■ ENTRIES SHOWN

——————————

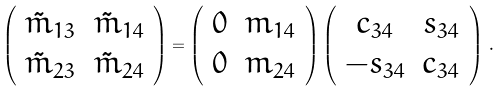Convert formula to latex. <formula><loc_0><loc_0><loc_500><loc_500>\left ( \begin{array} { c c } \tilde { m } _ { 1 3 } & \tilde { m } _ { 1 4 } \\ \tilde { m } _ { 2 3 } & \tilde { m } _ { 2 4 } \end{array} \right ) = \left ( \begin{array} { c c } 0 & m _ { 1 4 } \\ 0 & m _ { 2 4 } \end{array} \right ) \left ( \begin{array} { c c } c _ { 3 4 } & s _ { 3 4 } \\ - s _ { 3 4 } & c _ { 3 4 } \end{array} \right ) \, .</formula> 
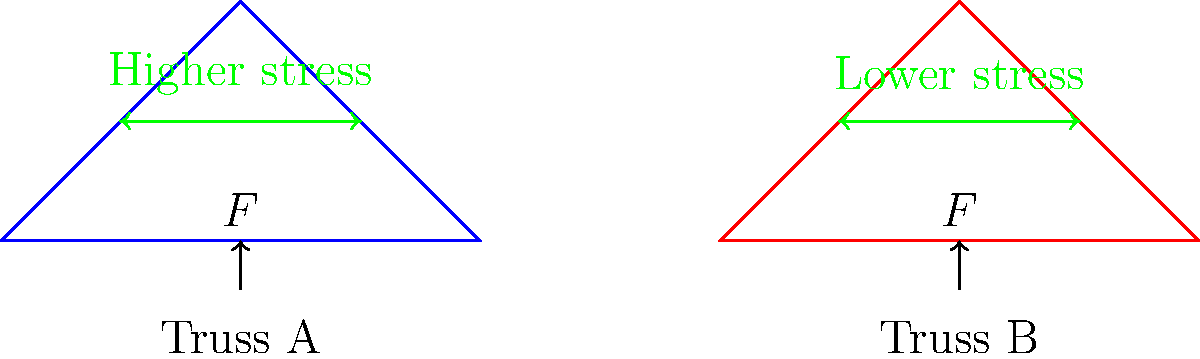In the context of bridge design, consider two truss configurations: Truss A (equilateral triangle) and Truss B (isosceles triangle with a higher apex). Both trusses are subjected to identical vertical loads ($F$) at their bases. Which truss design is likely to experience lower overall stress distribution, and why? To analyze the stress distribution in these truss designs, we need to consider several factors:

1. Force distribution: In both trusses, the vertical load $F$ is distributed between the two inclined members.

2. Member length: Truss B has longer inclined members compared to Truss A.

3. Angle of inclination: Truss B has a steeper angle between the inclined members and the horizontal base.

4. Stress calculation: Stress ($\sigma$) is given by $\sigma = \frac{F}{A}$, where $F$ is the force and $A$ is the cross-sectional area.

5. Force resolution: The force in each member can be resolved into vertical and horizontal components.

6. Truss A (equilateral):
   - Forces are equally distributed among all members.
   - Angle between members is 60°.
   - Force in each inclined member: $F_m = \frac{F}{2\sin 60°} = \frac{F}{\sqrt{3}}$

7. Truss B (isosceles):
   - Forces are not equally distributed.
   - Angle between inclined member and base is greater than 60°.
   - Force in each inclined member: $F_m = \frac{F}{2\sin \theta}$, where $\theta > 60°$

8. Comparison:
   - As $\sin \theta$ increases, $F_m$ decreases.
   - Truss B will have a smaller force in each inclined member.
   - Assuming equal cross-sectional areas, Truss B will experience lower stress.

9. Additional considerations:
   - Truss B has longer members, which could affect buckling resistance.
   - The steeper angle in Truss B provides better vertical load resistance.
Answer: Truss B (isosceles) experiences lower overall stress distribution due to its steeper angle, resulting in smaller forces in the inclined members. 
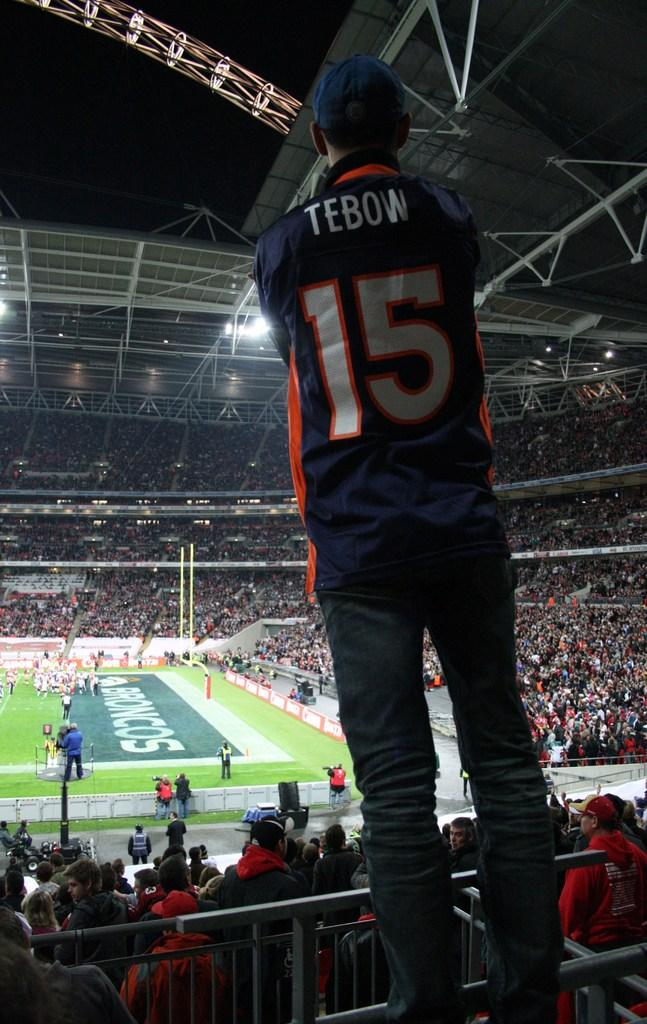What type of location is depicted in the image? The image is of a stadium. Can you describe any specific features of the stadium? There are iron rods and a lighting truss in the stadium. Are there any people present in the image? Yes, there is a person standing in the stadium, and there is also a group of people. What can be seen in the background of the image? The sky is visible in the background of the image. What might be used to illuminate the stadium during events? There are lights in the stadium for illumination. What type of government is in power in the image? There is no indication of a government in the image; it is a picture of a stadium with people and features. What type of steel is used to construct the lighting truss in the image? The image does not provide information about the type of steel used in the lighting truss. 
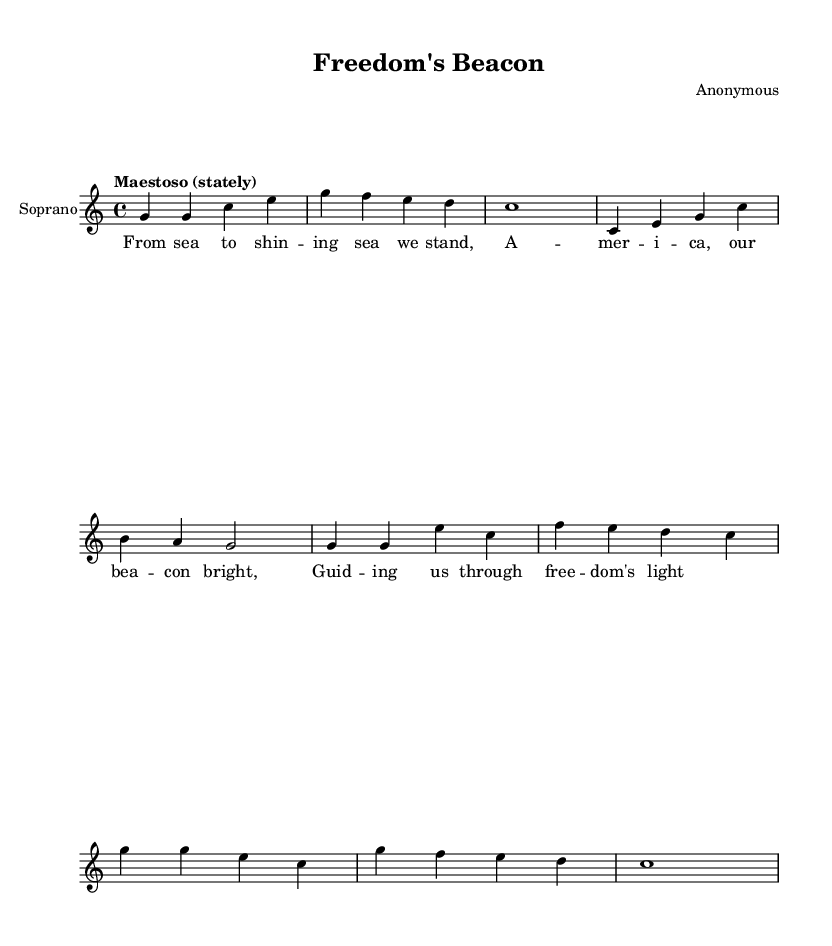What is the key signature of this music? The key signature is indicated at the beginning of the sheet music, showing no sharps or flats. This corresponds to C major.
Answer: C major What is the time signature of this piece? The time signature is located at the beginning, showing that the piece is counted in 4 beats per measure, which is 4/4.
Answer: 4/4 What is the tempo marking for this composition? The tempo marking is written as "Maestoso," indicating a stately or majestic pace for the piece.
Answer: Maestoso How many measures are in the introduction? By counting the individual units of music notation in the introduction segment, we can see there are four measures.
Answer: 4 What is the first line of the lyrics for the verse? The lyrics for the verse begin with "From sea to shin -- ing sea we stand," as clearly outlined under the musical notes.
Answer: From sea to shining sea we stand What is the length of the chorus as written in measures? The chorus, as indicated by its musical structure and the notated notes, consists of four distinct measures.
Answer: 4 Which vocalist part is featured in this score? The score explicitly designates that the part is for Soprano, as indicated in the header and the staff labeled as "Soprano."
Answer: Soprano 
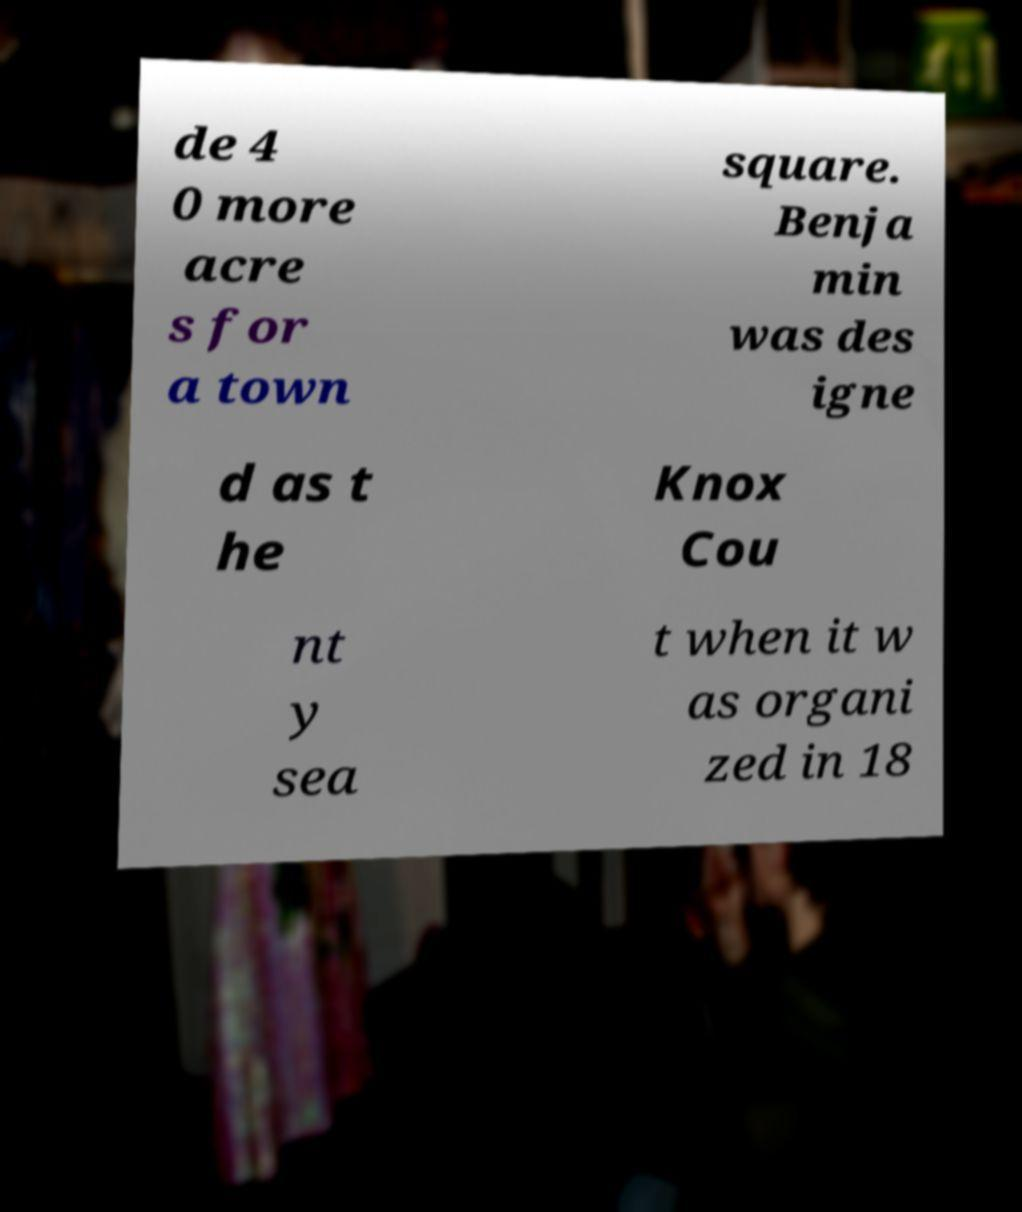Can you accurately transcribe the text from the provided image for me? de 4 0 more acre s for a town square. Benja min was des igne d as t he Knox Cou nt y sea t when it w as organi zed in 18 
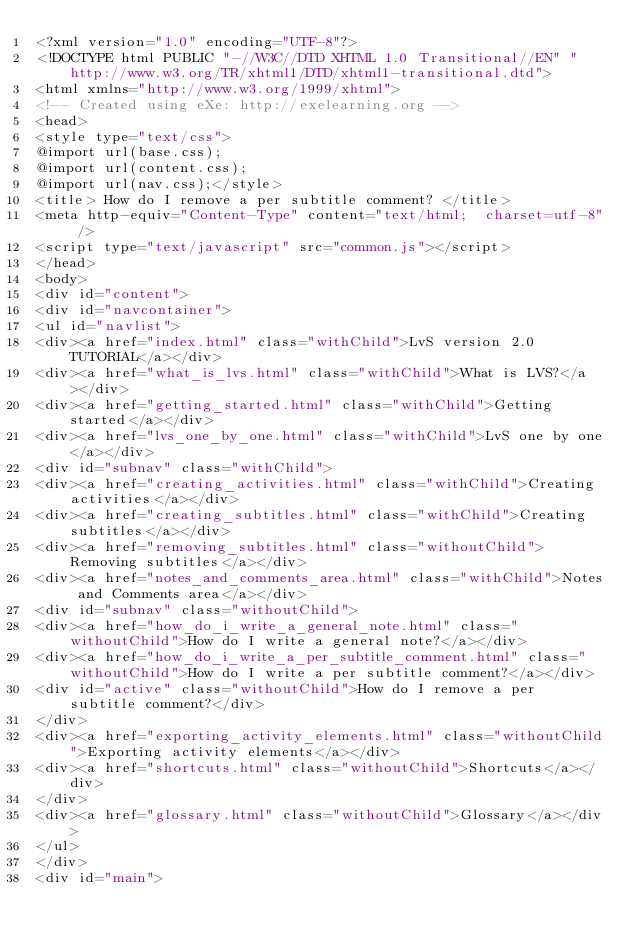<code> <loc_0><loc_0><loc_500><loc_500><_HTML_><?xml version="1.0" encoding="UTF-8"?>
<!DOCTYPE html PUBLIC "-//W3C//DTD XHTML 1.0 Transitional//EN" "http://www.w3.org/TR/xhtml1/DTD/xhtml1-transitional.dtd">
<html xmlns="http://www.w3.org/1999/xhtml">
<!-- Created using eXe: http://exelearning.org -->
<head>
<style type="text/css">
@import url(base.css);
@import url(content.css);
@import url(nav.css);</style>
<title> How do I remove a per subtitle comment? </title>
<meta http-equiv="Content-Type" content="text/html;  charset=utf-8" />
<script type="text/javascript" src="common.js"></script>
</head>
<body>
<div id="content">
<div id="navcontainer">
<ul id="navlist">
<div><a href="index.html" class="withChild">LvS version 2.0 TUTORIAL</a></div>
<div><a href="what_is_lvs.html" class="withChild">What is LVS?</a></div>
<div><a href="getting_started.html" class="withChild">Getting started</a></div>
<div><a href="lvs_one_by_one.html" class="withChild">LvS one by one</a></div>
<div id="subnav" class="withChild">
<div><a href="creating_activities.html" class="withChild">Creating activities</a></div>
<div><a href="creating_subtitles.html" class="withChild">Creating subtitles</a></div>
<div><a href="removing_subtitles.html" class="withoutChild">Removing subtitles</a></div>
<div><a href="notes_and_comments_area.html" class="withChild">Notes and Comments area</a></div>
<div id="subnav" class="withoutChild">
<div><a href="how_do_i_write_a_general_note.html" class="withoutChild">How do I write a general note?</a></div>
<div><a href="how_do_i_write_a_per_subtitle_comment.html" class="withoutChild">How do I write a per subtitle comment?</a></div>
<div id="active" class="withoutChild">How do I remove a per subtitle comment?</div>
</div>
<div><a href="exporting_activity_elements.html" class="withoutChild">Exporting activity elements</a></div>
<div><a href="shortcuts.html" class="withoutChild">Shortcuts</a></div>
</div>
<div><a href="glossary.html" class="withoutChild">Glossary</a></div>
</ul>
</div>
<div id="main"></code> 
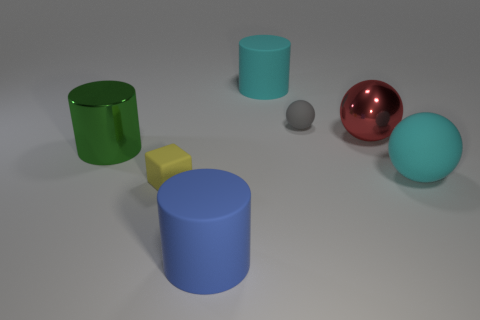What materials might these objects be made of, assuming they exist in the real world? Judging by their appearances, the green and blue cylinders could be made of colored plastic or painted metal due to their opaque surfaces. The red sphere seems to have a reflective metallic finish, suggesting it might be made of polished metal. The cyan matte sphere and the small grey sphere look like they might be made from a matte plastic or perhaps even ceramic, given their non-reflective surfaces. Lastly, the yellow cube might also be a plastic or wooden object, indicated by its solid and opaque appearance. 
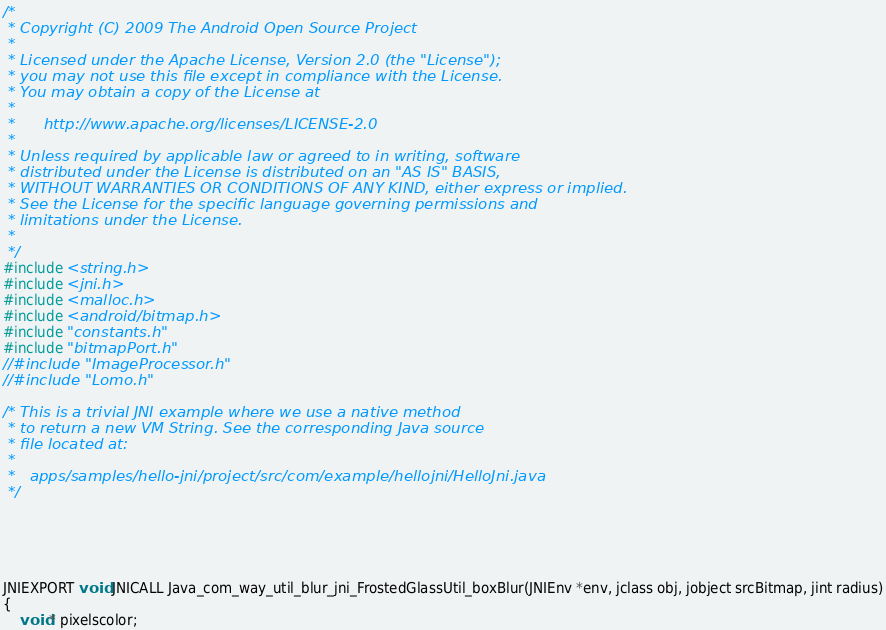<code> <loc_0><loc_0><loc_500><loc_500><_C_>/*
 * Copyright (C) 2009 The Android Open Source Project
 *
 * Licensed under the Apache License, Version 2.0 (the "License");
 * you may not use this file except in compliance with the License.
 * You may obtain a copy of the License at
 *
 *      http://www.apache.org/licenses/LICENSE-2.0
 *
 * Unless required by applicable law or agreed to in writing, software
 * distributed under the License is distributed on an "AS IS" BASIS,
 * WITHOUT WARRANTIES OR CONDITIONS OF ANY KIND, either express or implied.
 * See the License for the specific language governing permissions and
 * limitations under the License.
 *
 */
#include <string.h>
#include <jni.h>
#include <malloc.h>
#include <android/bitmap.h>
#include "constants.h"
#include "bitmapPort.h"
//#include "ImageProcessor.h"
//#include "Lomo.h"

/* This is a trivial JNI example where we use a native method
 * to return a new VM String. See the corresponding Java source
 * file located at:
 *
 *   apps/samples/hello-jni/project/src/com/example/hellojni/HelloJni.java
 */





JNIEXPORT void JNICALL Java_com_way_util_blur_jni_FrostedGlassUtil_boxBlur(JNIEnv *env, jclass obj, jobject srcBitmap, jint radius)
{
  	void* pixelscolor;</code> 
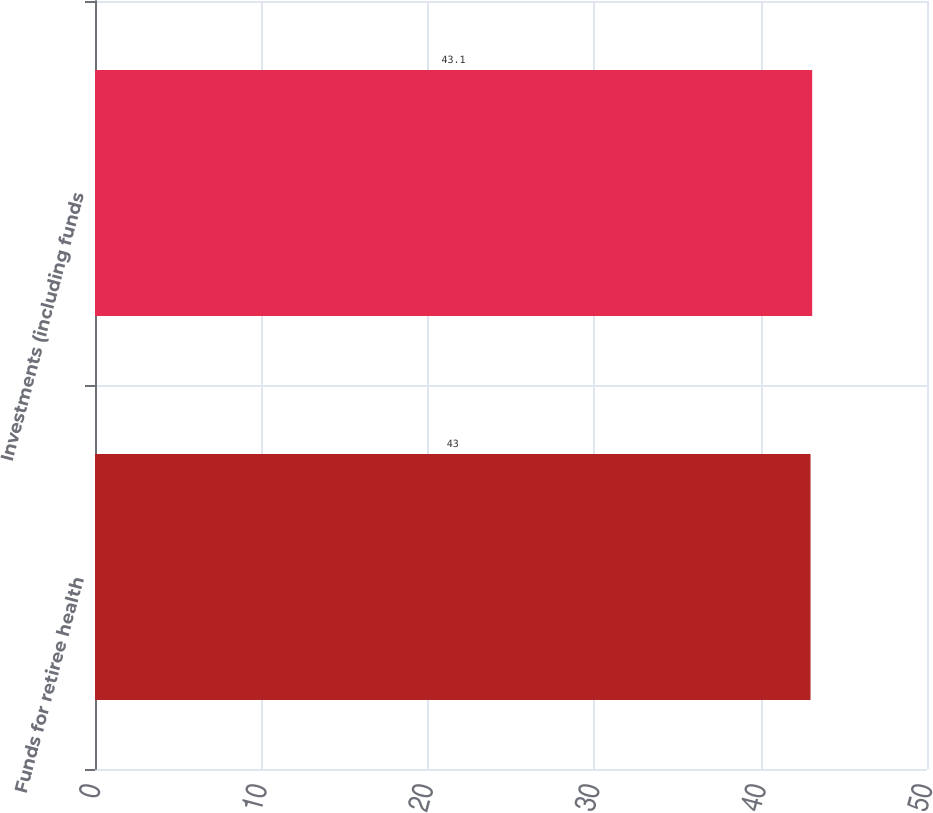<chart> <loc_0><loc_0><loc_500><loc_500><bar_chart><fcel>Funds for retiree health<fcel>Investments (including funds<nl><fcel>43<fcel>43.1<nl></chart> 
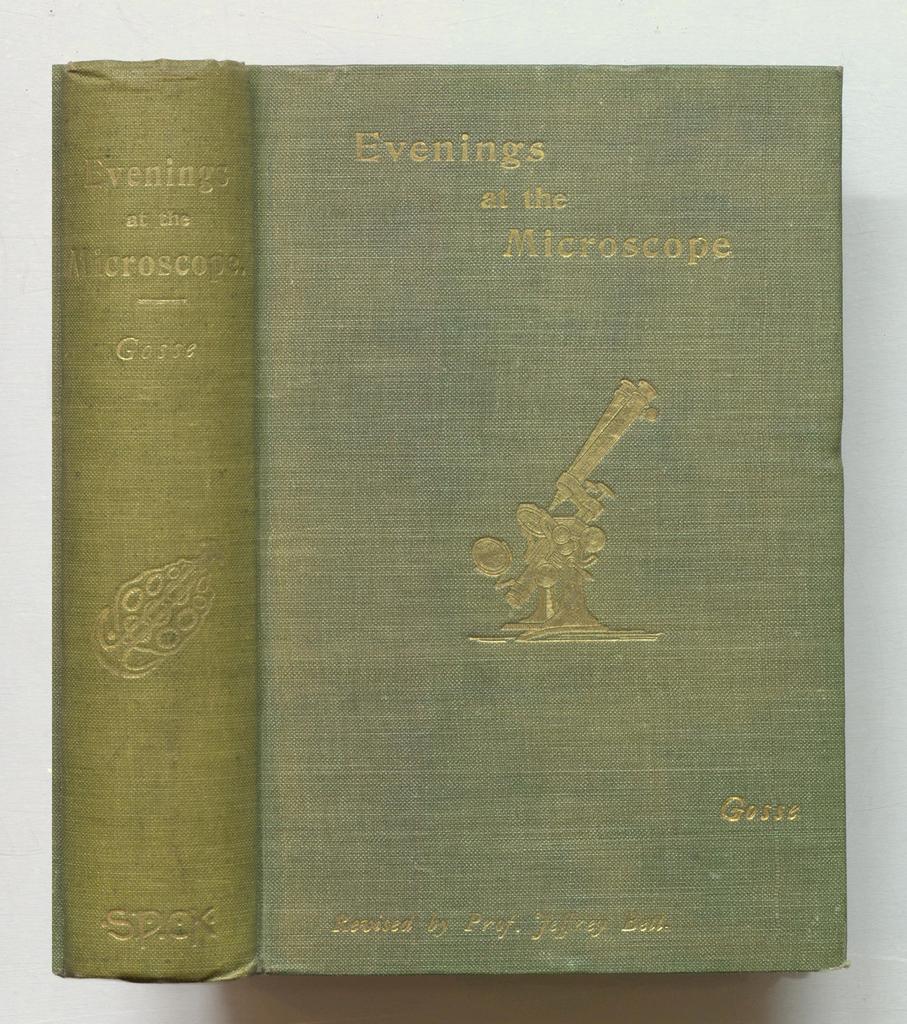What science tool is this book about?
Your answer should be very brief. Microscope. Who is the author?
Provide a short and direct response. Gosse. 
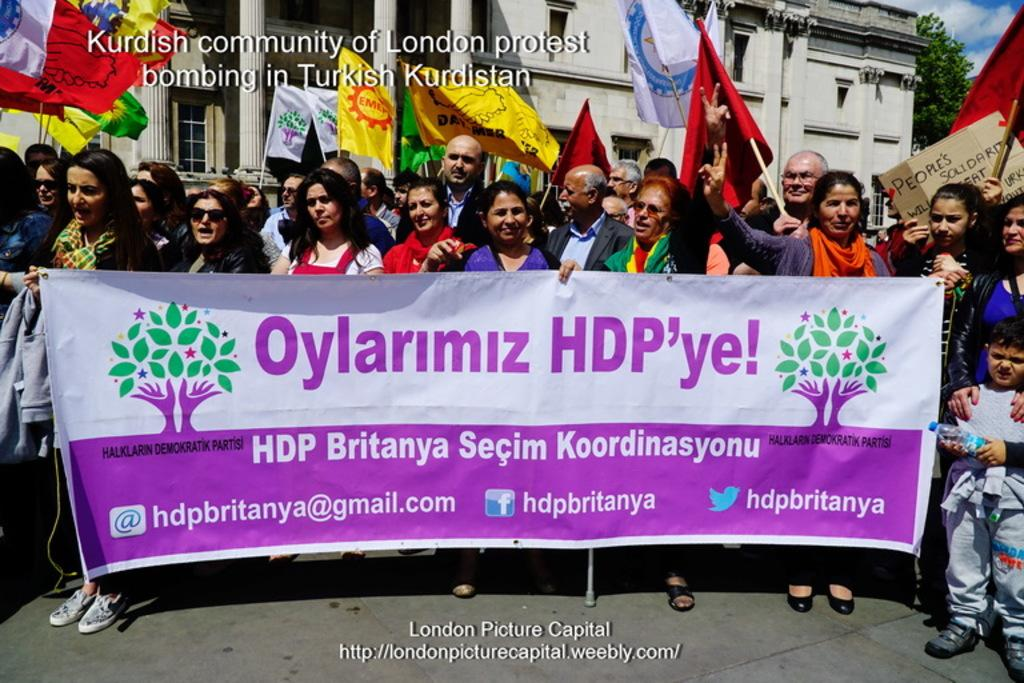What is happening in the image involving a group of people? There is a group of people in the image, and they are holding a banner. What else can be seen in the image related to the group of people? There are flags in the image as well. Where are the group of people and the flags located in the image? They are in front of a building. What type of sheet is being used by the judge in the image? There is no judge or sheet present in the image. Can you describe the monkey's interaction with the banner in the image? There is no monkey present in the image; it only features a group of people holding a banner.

——————————

■ WORK ORDER
Within these entries, output exactly the lines starting at the one with "In the context" and finishing at the one with "3. Angle of". Leave pictures out of the output.

■ TASK RESPONSE
In the context of bridge design, consider two truss configurations: Truss A (equilateral triangle) and Truss B (isosceles triangle with a higher apex). Both trusses are subjected to identical vertical loads ($F$) at their bases. Which truss design is likely to experience lower overall stress distribution, and why? To analyze the stress distribution in these truss designs, we need to consider several factors:

1. Force distribution: In both trusses, the vertical load $F$ is distributed between the two inclined members.

2. Member length: Truss B has longer inclined members compared to Truss A.

3. Angle of inclination: Truss B has a steeper angle between the inclined members and the horizontal base.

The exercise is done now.